Messa alla prova: no al diniego per “gravità del fatto” o risarcimento solo simbolico (Cass. pen. 6850/2026)
Corte di Cassazione, Sez. V Penale, sentenza n. 6850 del 19 febbraio 2026 (R.G.N. 39778/2025) — Presidente Enrico Vittorio Stanislao Scarlini, Relatore Elisabetta Maria Morosini.
Il principio di diritto
La scelta del giudizio abbreviato in primo grado non preclude all’imputato di dedurre in appello il carattere ingiustificato del rigetto della richiesta di sospensione del processo con messa alla prova. Il diniego non può fondarsi sulla “gravità del fatto” — parametro non previsto dalla legge — né sull’offerta risarcitoria meramente simbolica, senza accertare la natura e l’entità del danno e le condizioni economiche dell’imputato: il risarcimento va commisurato al massimo sforzo sostenibile (art. 464-bis, comma 5, c.p.p.), nel giudizio di idoneità del programma condotto alla stregua dell’art. 133 c.p.
Il fatto
Un’imputata, condannata all’esito di giudizio abbreviato per falsificazione di un testamento olografo (aggiunta di uno zero all’importo del legato e modifica della data dell’atto), ricorreva censurando esclusivamente il diniego di accesso alla sospensione del processo con messa alla prova.
Il Tribunale aveva negato il beneficio per assenza di valida procura speciale e per la disponibilità dell’imputata a un risarcimento solo simbolico.
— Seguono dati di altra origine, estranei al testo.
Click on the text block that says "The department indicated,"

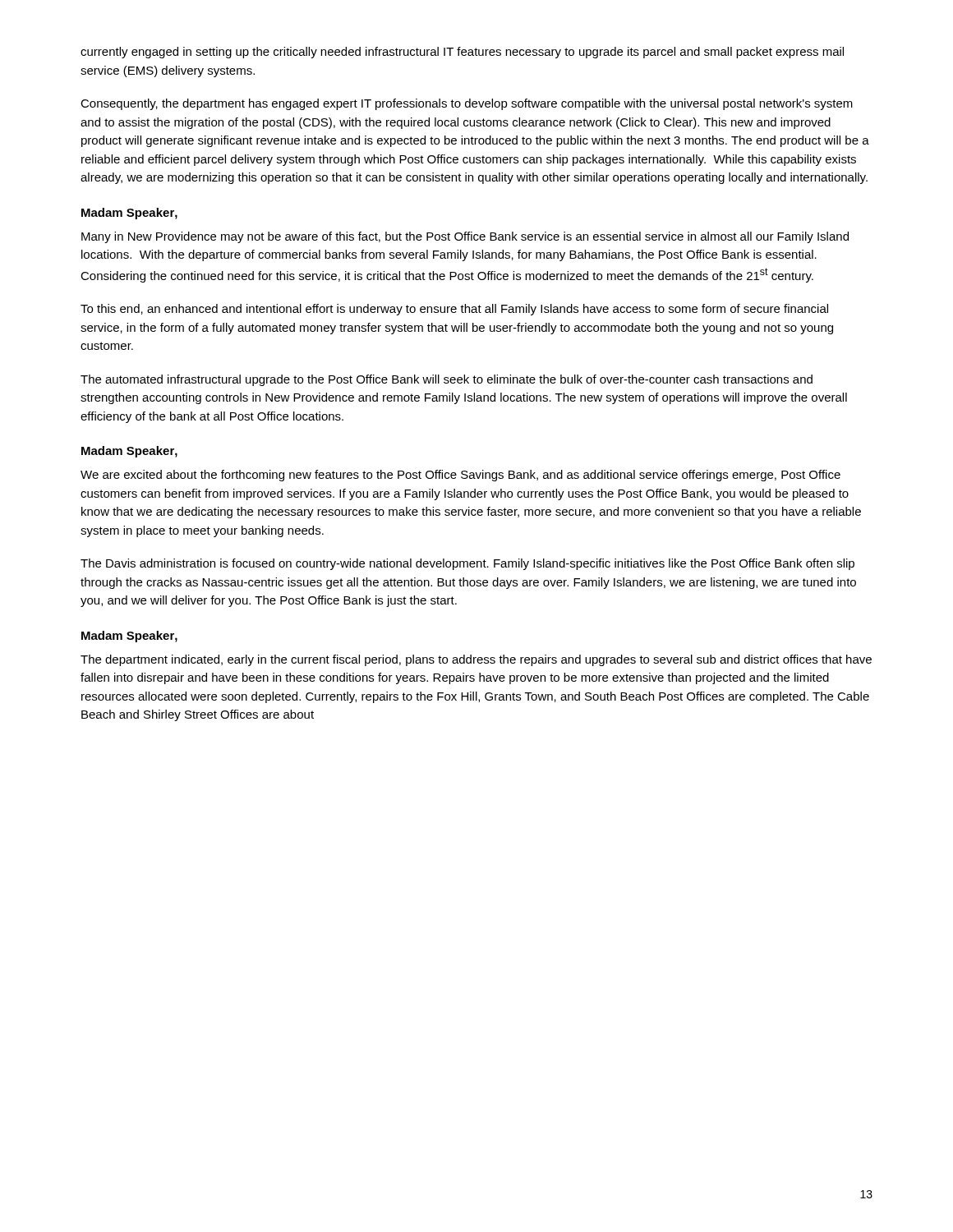click(476, 686)

La Corte d’appello di Torino, corretto l’errore sulla procura, aveva fatto leva sull’offerta simbolica e sulla “particolare gravità del fatto”, desunta dalla “particolare callidità” della condotta.
La motivazione
In via preliminare il Collegio dà continuità al principio per cui la celebrazione del giudizio di primo grado nelle forme del rito abbreviato non preclude all’imputato di dedurre in appello l’ingiustificato rigetto della messa alla prova (Sez. 5, Carminati, n. 4259/2022, e conformi), alla luce dei caratteri dell’istituto (Corte cost. n. 240/2015) e del sistema dei rimedi delineato da Sez. U, Rigacci, n. 33216/2016: il provvedimento di rigetto predibattimentale è impugnabile soltanto con la sentenza di primo grado, secondo la regola dell’art. 586 c.p.p. Diverso è il caso della revoca della messa alla prova, autonomamente impugnabile, la cui mancata impugnazione vale acquiescenza.
Nel merito, l’ammissione alla prova richiede una valutazione discrezionale incentrata sull’idoneità del programma di trattamento e sulla prognosi di non recidiva (Sez. U, Rigacci, cit.). La “gravità del fatto” non è di per sé ragione per negare l’accesso, non essendo prevista da alcuna norma.
Quanto all’offerta risarcitoria, è illegittimo il rigetto fondato sull’assenza di prova del risarcimento integrale del danno: il giudizio sull’adeguatezza del programma va condotto ex art. 133 c.p., tenendo conto della corrispondenza alle condizioni di vita dell’imputato e prevedendo un risarcimento che, ove possibile, ristori la vittima o sia espressione del massimo sforzo sostenibile secondo le condizioni economiche, verificabili ex art. 464-bis, comma 5, c.p.p. (Sez. 3, Cavatorta, n. 23934/2024). I parametri evocati dai giudici di merito non sono pertinenti.
Implicazioni pratiche
Aver scelto il rito abbreviato non preclude di contestare, in appello e poi in cassazione, il diniego della messa alla prova; diverso è il caso della revoca, che va impugnata in via autonoma.
Il giudice non può rigettare l’istanza limitandosi a evocare la gravità del reato, né pretendere il risarcimento integrale del danno come condizione: deve valutare l’idoneità del programma ex art. 133 c.p. e commisurare l’impegno risarcitorio alle reali condizioni economiche dell’imputato, verificabili ex art. 464-bis, comma 5, c.p.p. Per la difesa, ciò impone di documentare la situazione patrimoniale e di proporre un ristoro proporzionato allo sforzo effettivamente sostenibile.